* _TASK DETAILS_
Transcribe exactly every line from the one with "In the same image, the person (1070, 740, 1148, 888)." to the last line of the listing below, including both.
========
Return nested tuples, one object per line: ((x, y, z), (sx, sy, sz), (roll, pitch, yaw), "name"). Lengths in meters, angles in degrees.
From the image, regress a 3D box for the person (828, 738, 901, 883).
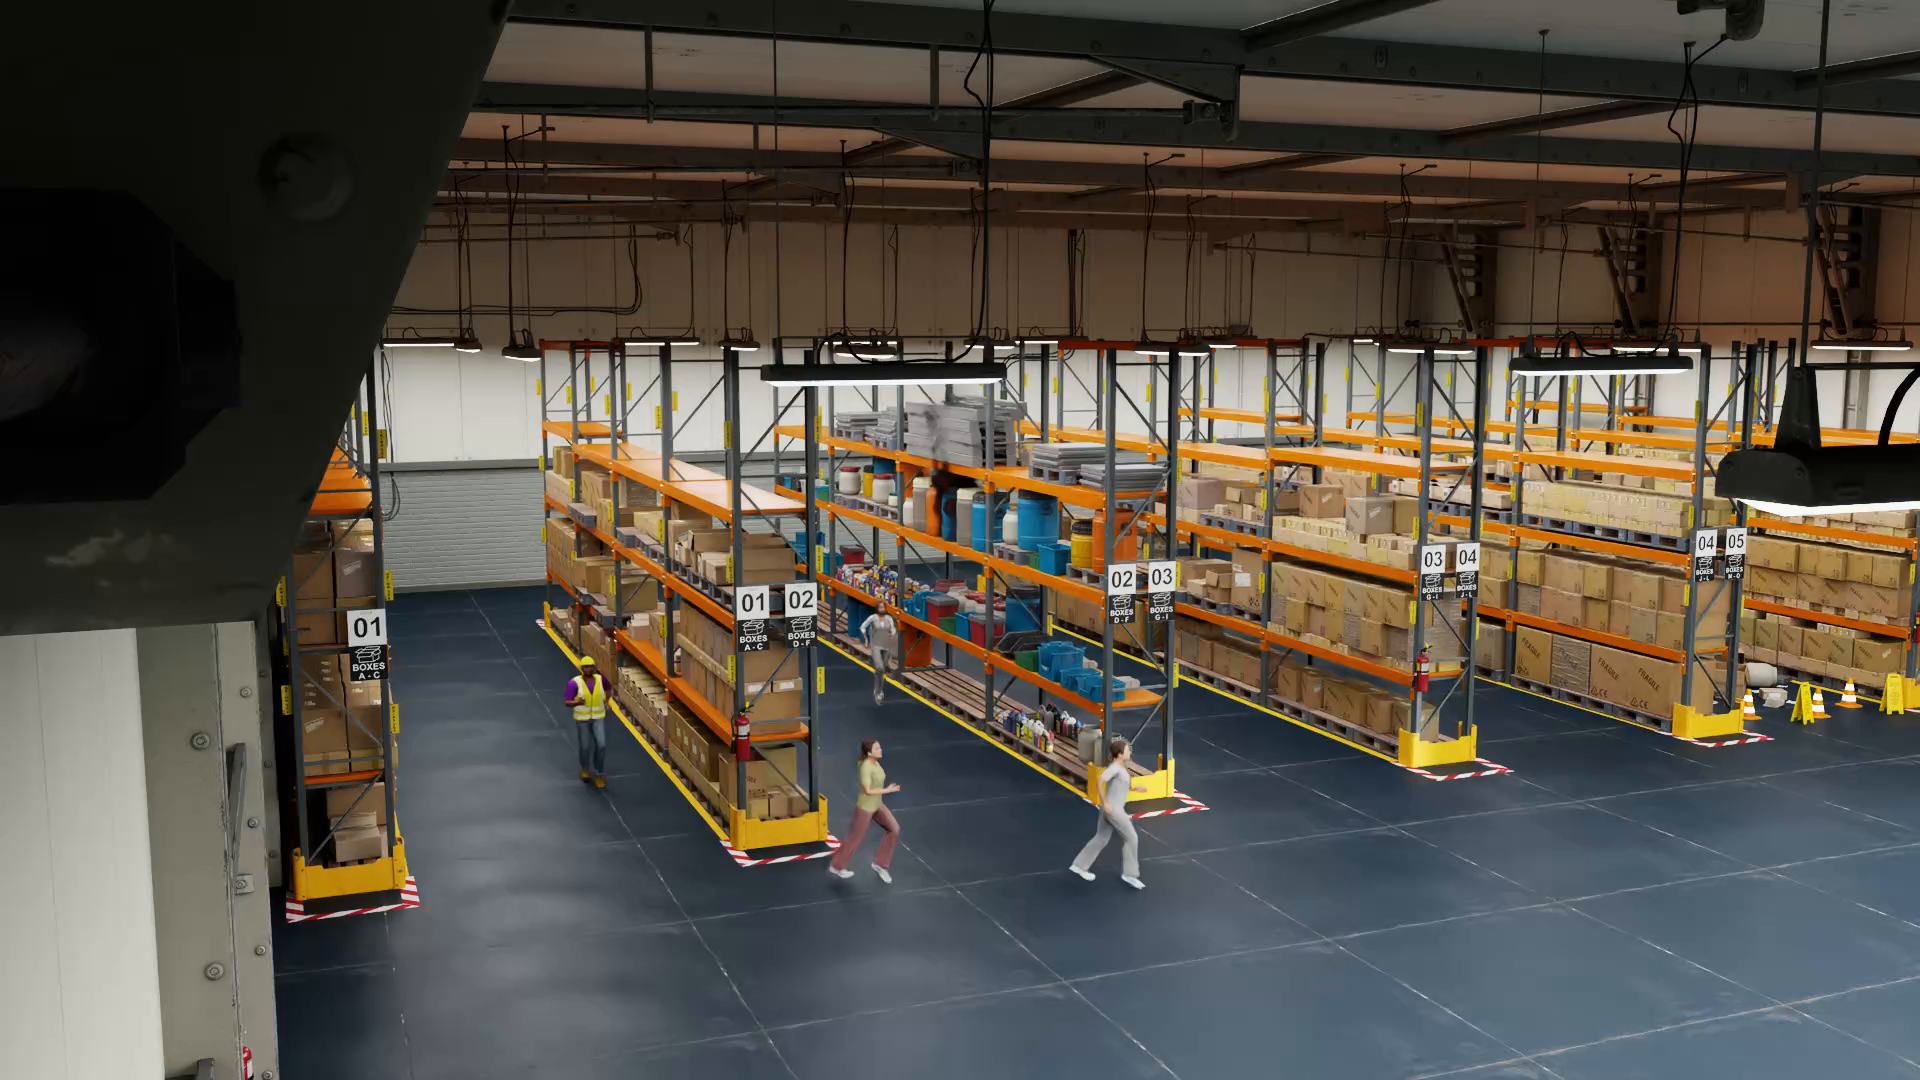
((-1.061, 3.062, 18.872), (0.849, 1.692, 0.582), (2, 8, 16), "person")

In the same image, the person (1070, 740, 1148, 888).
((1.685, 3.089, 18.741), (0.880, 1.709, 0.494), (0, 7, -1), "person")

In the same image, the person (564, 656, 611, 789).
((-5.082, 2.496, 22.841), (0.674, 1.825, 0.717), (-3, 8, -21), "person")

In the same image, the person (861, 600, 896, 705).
========
* _FINAL ANSWER_
In the same image, the person (1070, 740, 1148, 888).
((1.685, 3.089, 18.741), (0.880, 1.709, 0.494), (0, 7, -1), "person")

In the same image, the person (564, 656, 611, 789).
((-5.082, 2.496, 22.841), (0.674, 1.825, 0.717), (-3, 8, -21), "person")

In the same image, the person (861, 600, 896, 705).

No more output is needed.